Мир — театр, люди — актеры
Знаете ли вы, что это за народ — тюменцы?
Нет, вы не знаете тюменцев, если, конечно, не побывали в нашем театре драмы и комедии и не посмотрели спектакль, венчающий 141-й сезон, — «Пока она умирала».
Ни в малой степени не претендую на лавры Владимира Рогачева, что на третьей странице «Тюменского курьера» предлагает вашему вниманию подробный разбор последней премьеры сезона. Потому что мой рассказ — не о премьере, а о ее зрителях.
Конечно, наши эстеты легко пересчитают вам приметы литературного несовершенства пьесы. Обратят внимание на вторичность фабулы, на совпадения с широко известными комедиями ошибок, самая знаменитая из нынешних — «Ирония судьбы». На элементарность сюжетных построений и моментальную узнаваемость героев-масок. На предсказуемость сценического действа — вплоть до угадывания отдельных реплик. Все это так. Но…
Но тем не менее эта незамысловатая сказочка, этот почти что лубок, эта мистерия, этот святочный рассказ (кстати, действие происходит в канун Нового года) вправе претендовать на ежегодный приз зрительских симпатий, когда бы таковой стал разыгрываться местным отделением Союза театральных обществ.
Ни один, как мне кажется, даже самый отшлифованный спектакль не был у нас удостоен таких искренних аплодисментов. Причем аплодировали не столько актерам, сколько долгожданным поступкам и наступившим наконец-то событиям. Представьте себе: зал аплодирует не яркому монологу героя, а лишь тому, что этот герой наконец-то появляется у двери, ведущей в сценическую квартиру. Зритель, по-моему, переживал больше, чем герои. Зритель желал счастья двум печальным женщинам, старшая из которых готовилась покинуть этот мир и огорчалась, что оставляет младшую в одиночестве — без мужа и без детей. Зритель принял самое живое участие в судьбе персонажей, и временами казалось, что лишь его, зрителя, участием счастливый финал предопределен.
Но я обещал не делать разбора спектакля «Пока она умирала». И не стану.
На мой взгляд, главное достоинство премьеры, столь бравурно завершившей сезон, составили восторженность и sancta simplicitas нашего зрителя.
Доверчивость и как бы некоторая неискушенность зрителя роднили премьерный спектакль со странствиями капитана Фракасса в позднее средневековье, с явлениями Петрушки на русских ярмарках, с комедиями del arte, в которых — герои-маски и набор стандартных ситуаций. Словом, рампа — граница между сценой и зрительным залом — становилась все более прозрачной и, наконец, перестала существовать совсем. Зритель горячо любил героев, герои отвечали ему взаимностью, я отключил свою рафинированную память, загнал во глубину души свои эстетские воззрения и погрузился в плещущийся вокруг океан доброты и взаимопонимания.

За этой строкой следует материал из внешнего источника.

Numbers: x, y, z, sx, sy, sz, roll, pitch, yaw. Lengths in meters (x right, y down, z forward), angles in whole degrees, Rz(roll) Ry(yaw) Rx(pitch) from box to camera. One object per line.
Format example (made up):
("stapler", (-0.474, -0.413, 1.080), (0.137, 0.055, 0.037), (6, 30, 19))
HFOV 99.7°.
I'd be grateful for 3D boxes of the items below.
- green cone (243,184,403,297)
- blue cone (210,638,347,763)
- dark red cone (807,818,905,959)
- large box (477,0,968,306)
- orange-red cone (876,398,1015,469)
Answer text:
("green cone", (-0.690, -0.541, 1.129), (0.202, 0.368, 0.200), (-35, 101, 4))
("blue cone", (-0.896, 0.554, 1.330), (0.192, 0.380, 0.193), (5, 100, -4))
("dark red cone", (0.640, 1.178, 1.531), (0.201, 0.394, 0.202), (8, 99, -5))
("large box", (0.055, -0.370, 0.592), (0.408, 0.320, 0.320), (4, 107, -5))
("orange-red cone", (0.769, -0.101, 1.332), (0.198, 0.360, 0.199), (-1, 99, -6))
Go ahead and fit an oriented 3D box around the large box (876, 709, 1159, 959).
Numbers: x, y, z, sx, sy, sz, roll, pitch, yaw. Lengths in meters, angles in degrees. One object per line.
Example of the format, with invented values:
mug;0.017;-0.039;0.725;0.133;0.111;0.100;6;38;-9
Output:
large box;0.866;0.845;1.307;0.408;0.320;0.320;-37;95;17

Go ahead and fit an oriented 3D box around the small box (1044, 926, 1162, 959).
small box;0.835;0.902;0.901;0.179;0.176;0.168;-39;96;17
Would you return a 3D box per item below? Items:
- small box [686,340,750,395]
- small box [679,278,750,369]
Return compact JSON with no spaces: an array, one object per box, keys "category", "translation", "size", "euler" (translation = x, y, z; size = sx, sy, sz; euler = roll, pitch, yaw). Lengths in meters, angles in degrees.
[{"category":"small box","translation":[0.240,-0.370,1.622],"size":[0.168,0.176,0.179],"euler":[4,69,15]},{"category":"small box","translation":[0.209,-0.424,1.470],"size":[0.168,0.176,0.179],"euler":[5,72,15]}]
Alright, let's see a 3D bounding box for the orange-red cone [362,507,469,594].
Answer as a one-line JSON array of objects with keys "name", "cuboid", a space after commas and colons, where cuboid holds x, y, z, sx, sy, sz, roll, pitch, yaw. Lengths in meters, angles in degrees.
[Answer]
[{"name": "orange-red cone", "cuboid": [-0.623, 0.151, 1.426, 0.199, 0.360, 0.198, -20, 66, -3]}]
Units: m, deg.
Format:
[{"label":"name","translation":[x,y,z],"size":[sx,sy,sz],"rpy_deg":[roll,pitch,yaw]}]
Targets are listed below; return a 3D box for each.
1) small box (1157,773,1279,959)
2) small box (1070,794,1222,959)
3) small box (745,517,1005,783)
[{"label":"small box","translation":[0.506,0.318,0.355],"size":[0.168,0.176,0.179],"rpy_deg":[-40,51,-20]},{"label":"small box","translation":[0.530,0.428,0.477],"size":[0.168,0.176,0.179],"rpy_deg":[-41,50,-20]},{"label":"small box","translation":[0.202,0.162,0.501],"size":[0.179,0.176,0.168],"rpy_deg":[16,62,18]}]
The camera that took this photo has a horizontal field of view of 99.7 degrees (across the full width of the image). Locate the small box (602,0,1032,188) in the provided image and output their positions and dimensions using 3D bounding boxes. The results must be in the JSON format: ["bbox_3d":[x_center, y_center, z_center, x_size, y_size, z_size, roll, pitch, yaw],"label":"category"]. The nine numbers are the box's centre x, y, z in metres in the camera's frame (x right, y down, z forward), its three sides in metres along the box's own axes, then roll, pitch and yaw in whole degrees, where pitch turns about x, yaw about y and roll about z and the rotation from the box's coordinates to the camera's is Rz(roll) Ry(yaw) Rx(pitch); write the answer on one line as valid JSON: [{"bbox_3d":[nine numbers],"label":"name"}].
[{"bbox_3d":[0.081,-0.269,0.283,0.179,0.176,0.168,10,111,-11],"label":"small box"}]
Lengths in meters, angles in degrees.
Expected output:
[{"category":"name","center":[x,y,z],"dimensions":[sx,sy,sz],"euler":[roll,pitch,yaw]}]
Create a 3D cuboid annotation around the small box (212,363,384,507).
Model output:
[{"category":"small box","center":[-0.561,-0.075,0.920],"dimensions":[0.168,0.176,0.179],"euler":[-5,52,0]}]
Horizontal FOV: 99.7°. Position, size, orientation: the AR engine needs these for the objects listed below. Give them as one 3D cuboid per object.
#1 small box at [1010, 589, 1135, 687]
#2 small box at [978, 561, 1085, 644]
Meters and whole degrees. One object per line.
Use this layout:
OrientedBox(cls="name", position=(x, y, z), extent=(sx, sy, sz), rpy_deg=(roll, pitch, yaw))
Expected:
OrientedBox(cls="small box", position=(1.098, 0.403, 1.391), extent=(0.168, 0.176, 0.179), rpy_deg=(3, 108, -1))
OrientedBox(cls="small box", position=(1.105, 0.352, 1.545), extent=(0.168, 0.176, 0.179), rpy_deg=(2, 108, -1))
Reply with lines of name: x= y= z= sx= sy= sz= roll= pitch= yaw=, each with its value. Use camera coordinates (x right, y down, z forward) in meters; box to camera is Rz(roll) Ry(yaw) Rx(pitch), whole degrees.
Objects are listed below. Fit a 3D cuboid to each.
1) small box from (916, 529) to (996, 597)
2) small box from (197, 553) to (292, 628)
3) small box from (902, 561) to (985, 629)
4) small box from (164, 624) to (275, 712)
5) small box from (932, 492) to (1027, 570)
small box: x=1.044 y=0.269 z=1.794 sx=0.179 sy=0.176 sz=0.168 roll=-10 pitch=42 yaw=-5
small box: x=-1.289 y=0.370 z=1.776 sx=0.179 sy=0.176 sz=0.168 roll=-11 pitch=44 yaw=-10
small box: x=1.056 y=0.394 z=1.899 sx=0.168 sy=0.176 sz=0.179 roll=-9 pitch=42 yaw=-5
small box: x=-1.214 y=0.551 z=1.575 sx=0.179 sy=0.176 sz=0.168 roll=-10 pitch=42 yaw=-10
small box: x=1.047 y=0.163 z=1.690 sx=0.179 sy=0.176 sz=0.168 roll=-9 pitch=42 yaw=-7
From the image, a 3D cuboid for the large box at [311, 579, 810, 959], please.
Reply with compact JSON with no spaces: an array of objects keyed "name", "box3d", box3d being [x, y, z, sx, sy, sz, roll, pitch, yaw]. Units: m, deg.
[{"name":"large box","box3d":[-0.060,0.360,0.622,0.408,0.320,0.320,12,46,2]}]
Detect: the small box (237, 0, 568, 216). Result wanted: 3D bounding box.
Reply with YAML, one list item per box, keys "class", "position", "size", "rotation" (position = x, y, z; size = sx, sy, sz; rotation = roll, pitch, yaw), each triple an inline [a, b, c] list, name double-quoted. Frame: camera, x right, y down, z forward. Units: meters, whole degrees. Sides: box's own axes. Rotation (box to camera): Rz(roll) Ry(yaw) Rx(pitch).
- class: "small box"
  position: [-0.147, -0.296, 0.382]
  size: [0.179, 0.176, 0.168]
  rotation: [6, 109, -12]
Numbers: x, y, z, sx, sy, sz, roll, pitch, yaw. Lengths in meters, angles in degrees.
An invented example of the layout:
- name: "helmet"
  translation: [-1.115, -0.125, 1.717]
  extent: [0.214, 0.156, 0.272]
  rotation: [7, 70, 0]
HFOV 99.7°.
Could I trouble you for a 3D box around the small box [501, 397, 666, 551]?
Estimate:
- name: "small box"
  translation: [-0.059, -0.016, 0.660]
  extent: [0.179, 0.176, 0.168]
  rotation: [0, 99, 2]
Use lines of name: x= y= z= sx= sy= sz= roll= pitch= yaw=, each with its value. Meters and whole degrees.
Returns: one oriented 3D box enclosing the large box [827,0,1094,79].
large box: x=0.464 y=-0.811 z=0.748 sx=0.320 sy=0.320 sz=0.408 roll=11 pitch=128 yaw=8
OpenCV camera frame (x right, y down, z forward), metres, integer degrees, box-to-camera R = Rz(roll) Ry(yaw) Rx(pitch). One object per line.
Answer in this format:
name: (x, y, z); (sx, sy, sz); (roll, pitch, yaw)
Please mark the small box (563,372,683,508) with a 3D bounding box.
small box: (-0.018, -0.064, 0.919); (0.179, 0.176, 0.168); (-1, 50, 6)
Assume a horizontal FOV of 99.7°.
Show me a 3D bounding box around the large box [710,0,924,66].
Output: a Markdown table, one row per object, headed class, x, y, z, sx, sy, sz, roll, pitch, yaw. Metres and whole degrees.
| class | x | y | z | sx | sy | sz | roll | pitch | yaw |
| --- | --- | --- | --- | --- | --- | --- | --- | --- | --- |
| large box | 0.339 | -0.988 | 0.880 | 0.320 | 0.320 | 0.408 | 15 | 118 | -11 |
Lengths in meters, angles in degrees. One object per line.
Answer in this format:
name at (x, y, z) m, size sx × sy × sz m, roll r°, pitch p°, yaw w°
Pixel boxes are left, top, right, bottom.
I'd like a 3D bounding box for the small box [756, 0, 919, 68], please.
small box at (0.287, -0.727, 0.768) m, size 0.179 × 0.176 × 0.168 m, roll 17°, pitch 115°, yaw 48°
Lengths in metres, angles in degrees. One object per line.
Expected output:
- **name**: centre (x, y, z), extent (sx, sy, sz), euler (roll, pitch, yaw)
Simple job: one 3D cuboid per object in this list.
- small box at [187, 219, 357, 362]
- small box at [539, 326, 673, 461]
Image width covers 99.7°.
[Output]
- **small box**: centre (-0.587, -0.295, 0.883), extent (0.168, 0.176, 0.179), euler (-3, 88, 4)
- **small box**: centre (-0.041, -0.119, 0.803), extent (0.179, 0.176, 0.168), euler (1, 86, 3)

Лишь какая-то часть сознания, словно компьютер, который позабыли обесточить, продолжала считывать информацию. Взгляд, подобно маятнику Фуко, барражировал над залом, выхватывая трогательно улыбающиеся лица — то известного бизнесмена, то «качка» с плечами, распирающими футболку.
И думалось мне, что рукоплещущие вокруг люди — это те же тюменцы, что окружают нас повсеместно. Это они могут обложить вас в автобусе последними словами. Это они в День пограничника или десантника отправляются громить «кавказские рынки». Это они ставят свои машины поперек тротуаров и нарушают все писаные и неписанные правила дорожного движения… И там — они. И здесь — они.
Вот вопрос: Станут ли тюменцы когда-нибудь такими, какими предстали в театральном зале? Надеяться можно. Ведь все это: доброта, сострадание, сопереживание — у нас есть. Правда, нас «сильно испортил квартирный вопрос» и другие сложности, которые опрокинул нам на голову, прощаясь, двадцатый век. Но есть все-таки надежда. Eсть шанс.